* _THE PROBLEM_
Nothing but the lines from the one containing "Next, the watering can." through the end of the entries below should be set down, each exactly as written.
DATA EXTRACTS: Begin
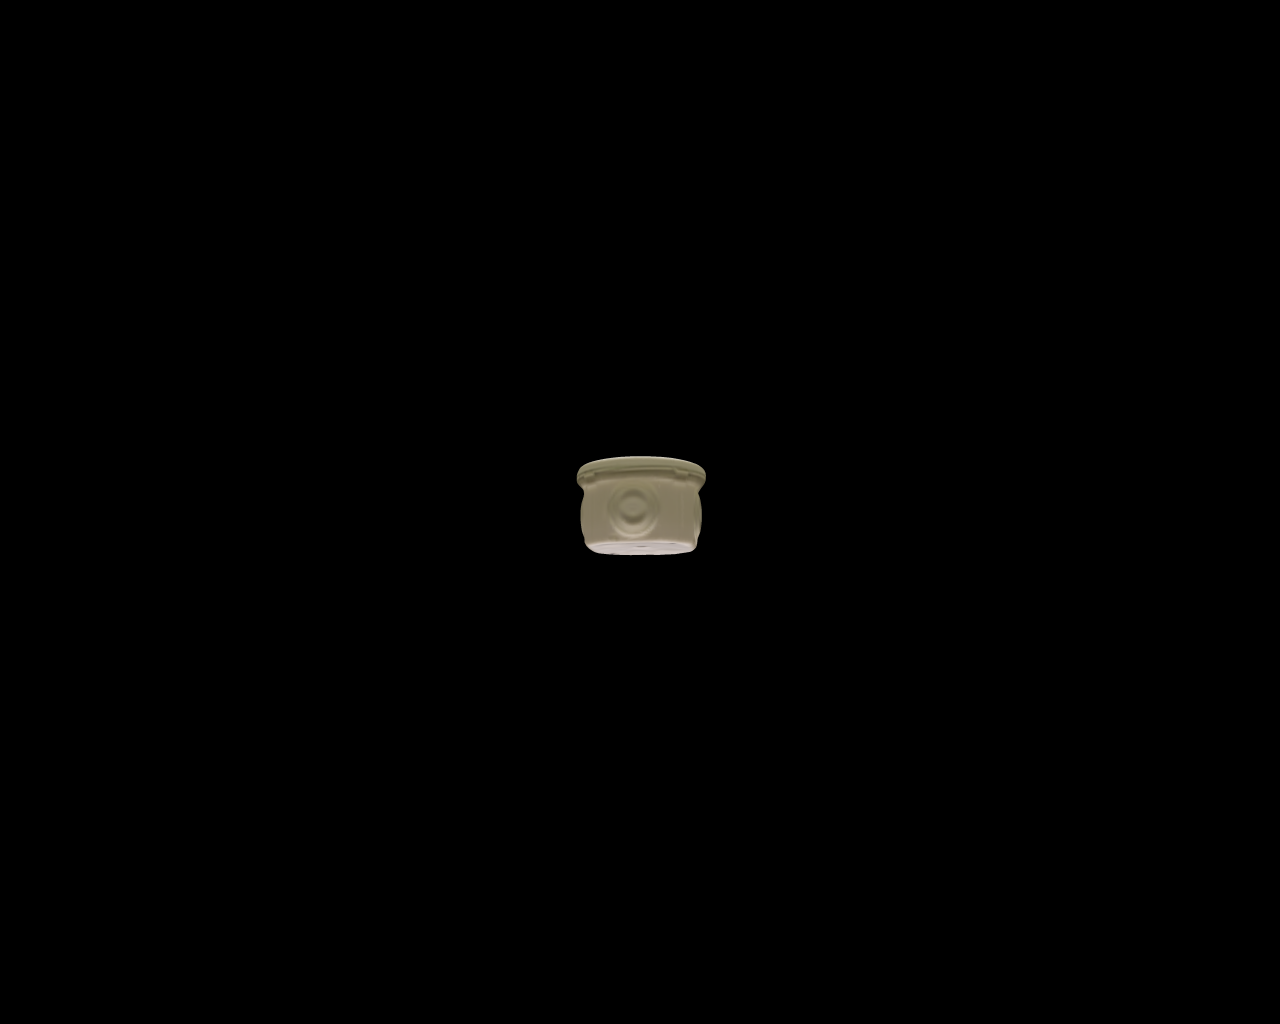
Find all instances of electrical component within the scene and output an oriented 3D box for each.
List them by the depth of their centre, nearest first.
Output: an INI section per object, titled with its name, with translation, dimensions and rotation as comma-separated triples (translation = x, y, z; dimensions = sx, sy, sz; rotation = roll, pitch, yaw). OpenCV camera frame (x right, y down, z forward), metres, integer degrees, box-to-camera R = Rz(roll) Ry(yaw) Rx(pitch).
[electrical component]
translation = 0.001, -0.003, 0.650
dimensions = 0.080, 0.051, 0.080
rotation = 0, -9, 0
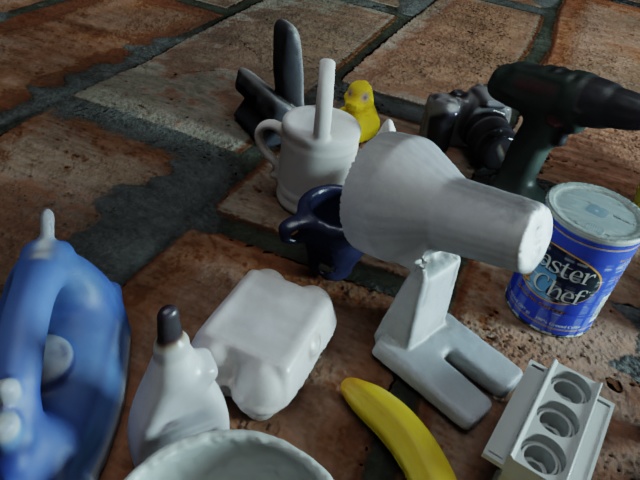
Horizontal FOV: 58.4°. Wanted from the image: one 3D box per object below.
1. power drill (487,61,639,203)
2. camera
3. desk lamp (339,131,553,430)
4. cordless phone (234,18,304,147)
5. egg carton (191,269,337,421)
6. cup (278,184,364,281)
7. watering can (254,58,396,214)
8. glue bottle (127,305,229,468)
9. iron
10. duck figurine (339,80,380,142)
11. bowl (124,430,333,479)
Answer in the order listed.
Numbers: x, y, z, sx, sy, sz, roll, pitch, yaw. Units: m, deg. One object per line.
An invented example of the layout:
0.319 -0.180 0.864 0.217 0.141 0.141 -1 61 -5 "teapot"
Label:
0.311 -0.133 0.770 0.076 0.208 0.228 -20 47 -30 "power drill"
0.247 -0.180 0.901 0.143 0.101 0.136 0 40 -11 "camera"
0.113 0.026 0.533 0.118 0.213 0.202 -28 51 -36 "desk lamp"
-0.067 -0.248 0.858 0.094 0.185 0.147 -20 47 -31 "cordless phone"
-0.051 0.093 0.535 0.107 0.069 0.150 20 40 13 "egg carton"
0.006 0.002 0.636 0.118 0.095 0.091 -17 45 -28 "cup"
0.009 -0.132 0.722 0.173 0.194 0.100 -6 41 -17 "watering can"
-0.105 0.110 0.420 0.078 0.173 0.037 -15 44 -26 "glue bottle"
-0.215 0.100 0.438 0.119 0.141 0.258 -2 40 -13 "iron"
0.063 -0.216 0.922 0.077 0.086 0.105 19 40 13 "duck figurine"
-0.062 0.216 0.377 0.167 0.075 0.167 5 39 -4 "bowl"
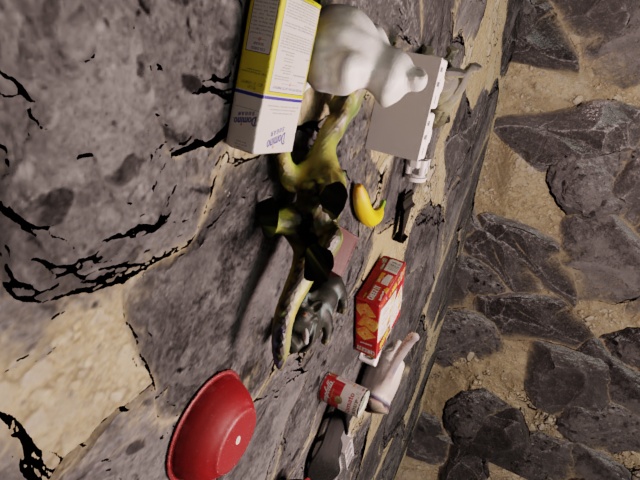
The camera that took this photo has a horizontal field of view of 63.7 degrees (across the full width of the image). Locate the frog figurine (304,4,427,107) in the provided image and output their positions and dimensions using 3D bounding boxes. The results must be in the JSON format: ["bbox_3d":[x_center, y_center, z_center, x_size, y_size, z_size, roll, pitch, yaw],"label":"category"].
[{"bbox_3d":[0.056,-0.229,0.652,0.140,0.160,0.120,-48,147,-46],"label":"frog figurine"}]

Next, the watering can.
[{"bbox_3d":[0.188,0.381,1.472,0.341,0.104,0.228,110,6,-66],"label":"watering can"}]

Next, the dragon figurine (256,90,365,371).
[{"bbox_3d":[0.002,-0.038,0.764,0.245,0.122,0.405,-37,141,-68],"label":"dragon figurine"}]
DATA EXTRACTS: End
* _ANSWER BELOW_
Next, the watering can.
[{"bbox_3d":[0.188,0.381,1.472,0.341,0.104,0.228,110,6,-66],"label":"watering can"}]

Next, the dragon figurine (256,90,365,371).
[{"bbox_3d":[0.002,-0.038,0.764,0.245,0.122,0.405,-37,141,-68],"label":"dragon figurine"}]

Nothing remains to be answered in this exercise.